RECORD EXTRACTS —
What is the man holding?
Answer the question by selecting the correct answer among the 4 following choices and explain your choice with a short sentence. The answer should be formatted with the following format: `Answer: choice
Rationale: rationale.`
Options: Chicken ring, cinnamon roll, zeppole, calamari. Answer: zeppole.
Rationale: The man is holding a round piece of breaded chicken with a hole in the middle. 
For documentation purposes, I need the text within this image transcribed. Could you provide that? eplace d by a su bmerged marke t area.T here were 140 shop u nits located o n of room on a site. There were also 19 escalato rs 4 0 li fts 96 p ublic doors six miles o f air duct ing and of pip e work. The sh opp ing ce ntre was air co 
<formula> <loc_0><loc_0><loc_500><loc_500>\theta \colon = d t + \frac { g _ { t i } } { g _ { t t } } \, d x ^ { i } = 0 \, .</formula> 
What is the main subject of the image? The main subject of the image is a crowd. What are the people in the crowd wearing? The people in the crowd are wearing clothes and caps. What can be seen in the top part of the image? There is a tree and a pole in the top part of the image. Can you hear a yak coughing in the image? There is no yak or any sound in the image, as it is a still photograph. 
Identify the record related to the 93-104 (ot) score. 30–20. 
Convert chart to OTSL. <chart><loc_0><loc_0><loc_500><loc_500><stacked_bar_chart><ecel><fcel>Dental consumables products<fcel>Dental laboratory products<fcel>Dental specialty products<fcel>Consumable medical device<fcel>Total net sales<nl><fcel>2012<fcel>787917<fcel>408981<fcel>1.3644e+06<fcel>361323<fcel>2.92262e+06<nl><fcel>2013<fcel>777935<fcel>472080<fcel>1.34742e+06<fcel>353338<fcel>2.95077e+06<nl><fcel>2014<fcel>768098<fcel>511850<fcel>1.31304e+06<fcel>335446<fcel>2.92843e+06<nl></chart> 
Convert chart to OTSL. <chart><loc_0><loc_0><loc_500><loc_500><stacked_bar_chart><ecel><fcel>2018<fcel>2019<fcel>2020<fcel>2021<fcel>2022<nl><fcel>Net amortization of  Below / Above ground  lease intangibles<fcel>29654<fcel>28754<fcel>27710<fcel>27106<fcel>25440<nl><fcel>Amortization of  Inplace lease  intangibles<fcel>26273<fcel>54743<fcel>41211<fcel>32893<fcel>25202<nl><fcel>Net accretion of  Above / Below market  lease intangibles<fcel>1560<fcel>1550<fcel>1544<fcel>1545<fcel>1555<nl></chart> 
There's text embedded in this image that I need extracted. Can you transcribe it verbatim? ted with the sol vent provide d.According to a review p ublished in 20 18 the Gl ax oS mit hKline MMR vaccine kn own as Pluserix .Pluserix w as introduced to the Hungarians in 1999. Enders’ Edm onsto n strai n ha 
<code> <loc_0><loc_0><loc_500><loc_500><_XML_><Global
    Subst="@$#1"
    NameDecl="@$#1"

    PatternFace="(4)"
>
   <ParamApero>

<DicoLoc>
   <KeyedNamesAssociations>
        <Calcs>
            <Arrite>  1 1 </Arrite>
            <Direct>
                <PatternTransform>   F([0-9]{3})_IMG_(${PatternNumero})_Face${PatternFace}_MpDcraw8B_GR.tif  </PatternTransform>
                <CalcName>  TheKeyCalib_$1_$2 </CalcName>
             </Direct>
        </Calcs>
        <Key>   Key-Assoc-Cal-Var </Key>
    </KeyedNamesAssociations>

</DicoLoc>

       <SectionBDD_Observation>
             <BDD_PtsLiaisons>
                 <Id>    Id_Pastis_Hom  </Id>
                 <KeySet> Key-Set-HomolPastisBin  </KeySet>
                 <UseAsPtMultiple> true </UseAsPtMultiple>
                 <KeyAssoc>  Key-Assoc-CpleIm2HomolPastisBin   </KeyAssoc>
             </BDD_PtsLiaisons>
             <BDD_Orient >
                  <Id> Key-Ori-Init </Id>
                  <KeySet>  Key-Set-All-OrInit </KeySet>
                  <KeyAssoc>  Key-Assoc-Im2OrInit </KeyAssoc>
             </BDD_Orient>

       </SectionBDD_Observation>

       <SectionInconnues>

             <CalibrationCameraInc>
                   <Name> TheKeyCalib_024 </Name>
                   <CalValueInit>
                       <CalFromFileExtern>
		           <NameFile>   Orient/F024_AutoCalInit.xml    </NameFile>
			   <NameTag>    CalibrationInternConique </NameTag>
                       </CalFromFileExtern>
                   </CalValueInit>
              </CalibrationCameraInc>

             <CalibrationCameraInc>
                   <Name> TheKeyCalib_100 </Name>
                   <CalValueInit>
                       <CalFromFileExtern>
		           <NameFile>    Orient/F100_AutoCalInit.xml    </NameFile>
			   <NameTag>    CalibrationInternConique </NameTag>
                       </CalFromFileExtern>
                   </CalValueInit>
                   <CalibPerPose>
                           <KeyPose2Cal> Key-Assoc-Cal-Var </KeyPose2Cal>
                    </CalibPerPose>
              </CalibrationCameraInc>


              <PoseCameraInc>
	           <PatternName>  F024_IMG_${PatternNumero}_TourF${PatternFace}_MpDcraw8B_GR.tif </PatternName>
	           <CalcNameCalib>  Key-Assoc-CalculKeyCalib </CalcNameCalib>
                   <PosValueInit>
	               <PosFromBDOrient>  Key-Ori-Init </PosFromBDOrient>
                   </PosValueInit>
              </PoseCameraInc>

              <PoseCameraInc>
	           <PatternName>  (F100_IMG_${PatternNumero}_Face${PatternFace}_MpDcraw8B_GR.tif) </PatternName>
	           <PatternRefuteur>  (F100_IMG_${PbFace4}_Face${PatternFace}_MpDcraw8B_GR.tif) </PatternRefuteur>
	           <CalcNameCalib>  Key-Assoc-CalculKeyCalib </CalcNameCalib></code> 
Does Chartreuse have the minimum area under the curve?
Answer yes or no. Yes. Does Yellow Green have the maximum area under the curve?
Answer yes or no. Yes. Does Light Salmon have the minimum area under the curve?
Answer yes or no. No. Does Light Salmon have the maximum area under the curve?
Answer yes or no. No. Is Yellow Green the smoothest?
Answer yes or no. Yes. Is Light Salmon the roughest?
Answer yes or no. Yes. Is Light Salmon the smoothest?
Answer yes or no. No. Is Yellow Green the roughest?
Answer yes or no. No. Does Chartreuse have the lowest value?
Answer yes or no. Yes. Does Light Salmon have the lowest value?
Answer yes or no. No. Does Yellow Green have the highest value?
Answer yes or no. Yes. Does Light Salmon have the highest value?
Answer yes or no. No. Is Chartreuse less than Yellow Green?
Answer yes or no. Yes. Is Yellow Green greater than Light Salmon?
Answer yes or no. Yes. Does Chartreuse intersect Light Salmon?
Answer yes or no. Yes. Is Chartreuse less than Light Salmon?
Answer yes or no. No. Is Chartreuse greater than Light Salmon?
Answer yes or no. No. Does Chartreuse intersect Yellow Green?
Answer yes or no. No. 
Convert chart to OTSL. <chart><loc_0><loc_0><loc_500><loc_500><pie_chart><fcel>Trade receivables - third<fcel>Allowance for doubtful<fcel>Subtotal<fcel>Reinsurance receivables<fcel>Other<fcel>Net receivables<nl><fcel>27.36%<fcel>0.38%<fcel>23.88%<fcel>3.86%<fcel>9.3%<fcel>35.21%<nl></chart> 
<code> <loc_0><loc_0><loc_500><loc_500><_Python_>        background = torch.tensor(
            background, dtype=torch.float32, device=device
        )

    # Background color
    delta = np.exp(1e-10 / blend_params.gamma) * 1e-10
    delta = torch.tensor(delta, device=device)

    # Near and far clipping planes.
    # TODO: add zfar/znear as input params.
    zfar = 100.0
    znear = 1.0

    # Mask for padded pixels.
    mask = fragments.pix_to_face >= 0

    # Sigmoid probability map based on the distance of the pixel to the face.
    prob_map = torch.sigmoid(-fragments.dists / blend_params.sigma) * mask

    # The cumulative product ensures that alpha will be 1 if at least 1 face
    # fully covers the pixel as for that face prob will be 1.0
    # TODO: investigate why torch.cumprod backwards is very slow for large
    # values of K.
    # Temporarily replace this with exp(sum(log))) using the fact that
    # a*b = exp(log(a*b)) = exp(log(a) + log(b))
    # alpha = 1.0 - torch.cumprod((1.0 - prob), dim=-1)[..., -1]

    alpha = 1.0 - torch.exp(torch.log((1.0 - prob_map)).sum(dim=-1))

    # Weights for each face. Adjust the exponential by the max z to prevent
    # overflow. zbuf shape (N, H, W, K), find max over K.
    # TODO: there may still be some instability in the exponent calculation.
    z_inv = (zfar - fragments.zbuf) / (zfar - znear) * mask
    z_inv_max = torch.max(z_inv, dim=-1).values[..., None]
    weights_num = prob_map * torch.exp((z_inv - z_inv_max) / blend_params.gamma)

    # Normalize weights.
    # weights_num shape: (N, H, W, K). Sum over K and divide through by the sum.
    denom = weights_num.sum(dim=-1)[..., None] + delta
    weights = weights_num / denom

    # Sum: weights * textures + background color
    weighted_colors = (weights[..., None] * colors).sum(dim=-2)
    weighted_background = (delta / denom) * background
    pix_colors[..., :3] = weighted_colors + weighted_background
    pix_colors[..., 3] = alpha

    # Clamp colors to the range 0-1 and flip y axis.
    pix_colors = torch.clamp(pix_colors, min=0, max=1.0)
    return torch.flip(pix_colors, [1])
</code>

BRIEF — Reply with the lines from the first line of the entries through the line that contains "consumables products<fcel>Dental laboratory", repeated exactly with both ends kept, and with nothing else.

SOLVED EXERCISE —
What is the man holding?
Answer the question by selecting the correct answer among the 4 following choices and explain your choice with a short sentence. The answer should be formatted with the following format: `Answer: choice
Rationale: rationale.`
Options: Chicken ring, cinnamon roll, zeppole, calamari. Answer: zeppole.
Rationale: The man is holding a round piece of breaded chicken with a hole in the middle. 
For documentation purposes, I need the text within this image transcribed. Could you provide that? eplace d by a su bmerged marke t area.T here were 140 shop u nits located o n of room on a site. There were also 19 escalato rs 4 0 li fts 96 p ublic doors six miles o f air duct ing and of pip e work. The sh opp ing ce ntre was air co 
<formula> <loc_0><loc_0><loc_500><loc_500>\theta \colon = d t + \frac { g _ { t i } } { g _ { t t } } \, d x ^ { i } = 0 \, .</formula> 
What is the main subject of the image? The main subject of the image is a crowd. What are the people in the crowd wearing? The people in the crowd are wearing clothes and caps. What can be seen in the top part of the image? There is a tree and a pole in the top part of the image. Can you hear a yak coughing in the image? There is no yak or any sound in the image, as it is a still photograph. 
Identify the record related to the 93-104 (ot) score. 30–20. 
Convert chart to OTSL. <chart><loc_0><loc_0><loc_500><loc_500><stacked_bar_chart><ecel><fcel>Dental consumables products<fcel>Dental laboratory products<fcel>Dental specialty products<fcel>Consumable medical device<fcel>Total net sales<nl><fcel>2012<fcel>787917<fcel>408981<fcel>1.3644e+06<fcel>361323<fcel>2.92262e+06<nl><fcel>2013<fcel>777935<fcel>472080<fcel>1.34742e+06<fcel>353338<fcel>2.95077e+06<nl><fcel>2014<fcel>768098<fcel>511850<fcel>1.31304e+06<fcel>335446<fcel>2.92843e+06<nl></chart> 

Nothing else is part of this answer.